:: Task prompt ::
Your answer consists of the lines in the data that contain "right". Copy each of them.

[Opening Records section]

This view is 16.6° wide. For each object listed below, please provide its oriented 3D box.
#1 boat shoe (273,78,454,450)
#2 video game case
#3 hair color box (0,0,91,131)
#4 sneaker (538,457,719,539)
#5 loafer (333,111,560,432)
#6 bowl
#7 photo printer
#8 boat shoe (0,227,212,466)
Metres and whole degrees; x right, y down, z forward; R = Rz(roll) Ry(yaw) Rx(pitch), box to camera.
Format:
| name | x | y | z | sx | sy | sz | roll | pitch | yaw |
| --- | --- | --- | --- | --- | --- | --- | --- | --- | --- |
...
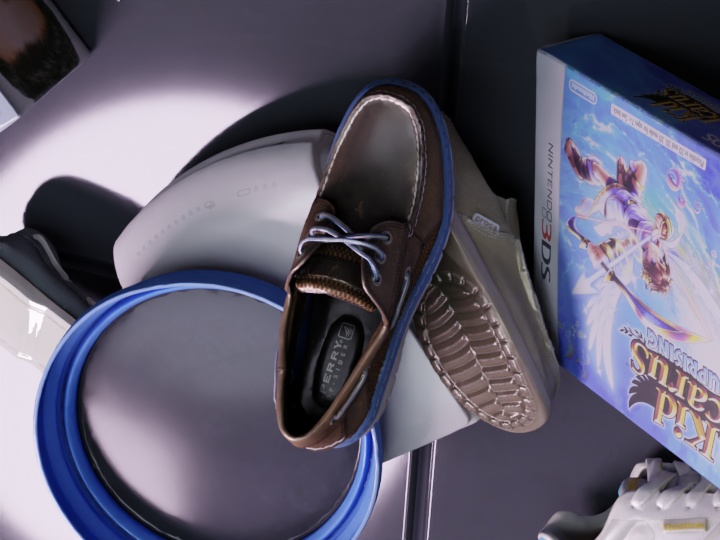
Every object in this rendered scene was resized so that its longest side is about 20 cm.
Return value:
| name | x | y | z | sx | sy | sz | roll | pitch | yaw |
| --- | --- | --- | --- | --- | --- | --- | --- | --- | --- |
| boat shoe | 0.000 | 0.000 | 1.281 | 0.072 | 0.072 | 0.201 | 12 | 100 | 16 |
| video game case | 0.159 | -0.003 | 1.269 | 0.200 | 0.045 | 0.182 | 39 | 138 | 51 |
| hair color box | -0.249 | -0.170 | 1.380 | 0.061 | 0.099 | 0.200 | -30 | 103 | 30 |
| sneaker | 0.189 | 0.143 | 1.386 | 0.200 | 0.077 | 0.081 | -30 | 100 | 29 |
| loafer | 0.060 | -0.007 | 1.348 | 0.076 | 0.068 | 0.200 | -17 | 102 | 52 |
| bowl | -0.084 | 0.092 | 1.388 | 0.200 | 0.039 | 0.201 | 4 | 112 | 10 |
| photo printer | -0.037 | 0.023 | 1.414 | 0.166 | 0.069 | 0.200 | -24 | 105 | 30 |
| boat shoe | -0.151 | 0.047 | 1.461 | 0.200 | 0.062 | 0.073 | 39 | 136 | 10 |
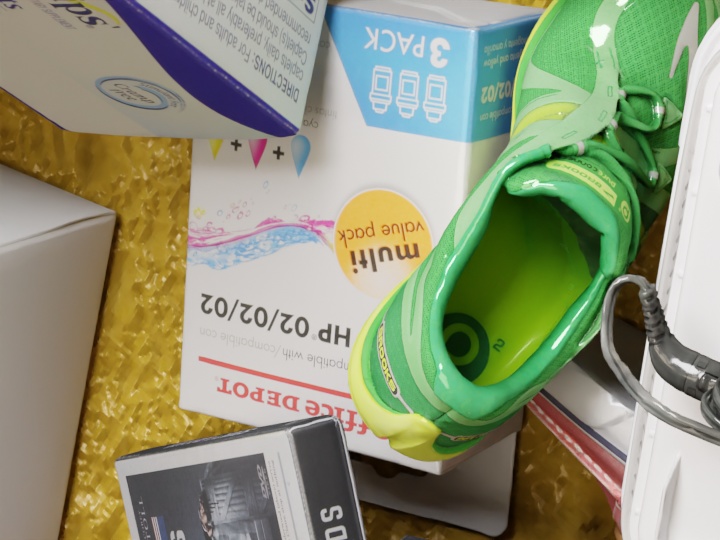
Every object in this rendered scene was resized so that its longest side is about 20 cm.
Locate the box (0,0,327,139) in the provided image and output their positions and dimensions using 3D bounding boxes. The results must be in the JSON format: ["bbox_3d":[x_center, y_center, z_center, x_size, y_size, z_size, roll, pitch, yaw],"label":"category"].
[{"bbox_3d":[-0.084,-0.168,0.766,0.104,0.184,0.201,2,72,29],"label":"box"}]

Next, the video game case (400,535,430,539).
[{"bbox_3d":[0.097,0.197,0.804,0.199,0.025,0.182,10,109,22],"label":"video game case"}]

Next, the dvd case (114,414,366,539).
[{"bbox_3d":[-0.038,0.135,0.870,0.200,0.025,0.151,-18,84,66],"label":"dvd case"}]

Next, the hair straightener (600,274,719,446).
[{"bbox_3d":[0.148,0.053,0.645,0.199,0.077,0.041,32,101,23],"label":"hair straightener"}]

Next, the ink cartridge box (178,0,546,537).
[{"bbox_3d":[0.000,0.000,0.862,0.114,0.068,0.201,12,107,28],"label":"ink cartridge box"}]

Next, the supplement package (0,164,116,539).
[{"bbox_3d":[-0.193,0.059,0.957,0.121,0.120,0.201,22,112,25],"label":"supplement package"}]

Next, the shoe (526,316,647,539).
[{"bbox_3d":[0.111,0.098,0.819,0.200,0.071,0.091,38,114,13],"label":"shoe"}]

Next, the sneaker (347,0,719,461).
[{"bbox_3d":[0.072,-0.024,0.766,0.074,0.201,0.084,34,164,-14],"label":"sneaker"}]

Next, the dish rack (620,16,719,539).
[{"bbox_3d":[0.159,0.029,0.701,0.171,0.043,0.201,16,109,25],"label":"dish rack"}]
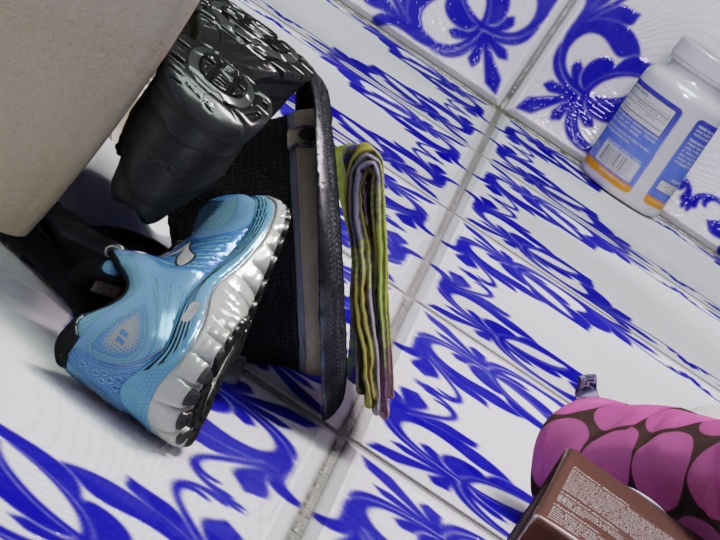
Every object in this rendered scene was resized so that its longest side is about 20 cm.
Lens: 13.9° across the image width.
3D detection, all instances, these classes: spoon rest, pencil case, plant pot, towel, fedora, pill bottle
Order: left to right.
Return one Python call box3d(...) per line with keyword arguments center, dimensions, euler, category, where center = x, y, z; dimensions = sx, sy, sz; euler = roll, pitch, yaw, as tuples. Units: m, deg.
box3d(center=(-0.201, -0.132, 1.457), dimensions=(0.200, 0.177, 0.200), euler=(18, 13, -17), category="plant pot")
box3d(center=(-0.141, -0.047, 1.647), dimensions=(0.099, 0.061, 0.200), euler=(5, -7, 45), category="spoon rest")
box3d(center=(-0.057, -0.013, 1.594), dimensions=(0.091, 0.201, 0.201), euler=(-3, 13, -2), category="fedora")
box3d(center=(0.000, 0.000, 1.631), dimensions=(0.023, 0.144, 0.200), euler=(-4, 5, -3), category="towel")
box3d(center=(0.359, -0.173, 3.495), dimensions=(0.112, 0.200, 0.112), euler=(33, 9, -6), category="pill bottle")
box3d(center=(0.179, 0.110, 1.622), dimensions=(0.094, 0.091, 0.200), euler=(-13, 10, -29), category="pencil case")

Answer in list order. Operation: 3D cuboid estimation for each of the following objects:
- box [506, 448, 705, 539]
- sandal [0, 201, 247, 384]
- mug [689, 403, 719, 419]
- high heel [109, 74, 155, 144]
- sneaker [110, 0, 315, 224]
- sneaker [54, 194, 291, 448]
box3d(center=(0.116, 0.156, 1.459), dimensions=(0.100, 0.075, 0.200), euler=(34, 11, 5), category="box")
box3d(center=(-0.135, -0.009, 1.524), dimensions=(0.200, 0.043, 0.076), euler=(38, 11, 26), category="sandal")
box3d(center=(0.252, 0.133, 1.747), dimensions=(0.153, 0.187, 0.150), euler=(13, 47, -42), category="mug")
box3d(center=(-0.169, -0.116, 1.833), dimensions=(0.143, 0.071, 0.200), euler=(43, -4, 15), category="high heel")
box3d(center=(-0.084, -0.082, 1.496), dimensions=(0.076, 0.091, 0.200), euler=(38, 20, 0), category="sneaker")
box3d(center=(-0.093, 0.005, 1.425), dimensions=(0.090, 0.078, 0.200), euler=(23, 24, 1), category="sneaker")

[Closing Records section]

:: Result of this task ::
Metres and whole degrees; x right, y down, z forward; R = Rz(roll) Ry(yaw) Rx(pitch), box to camera.
Order: left to right.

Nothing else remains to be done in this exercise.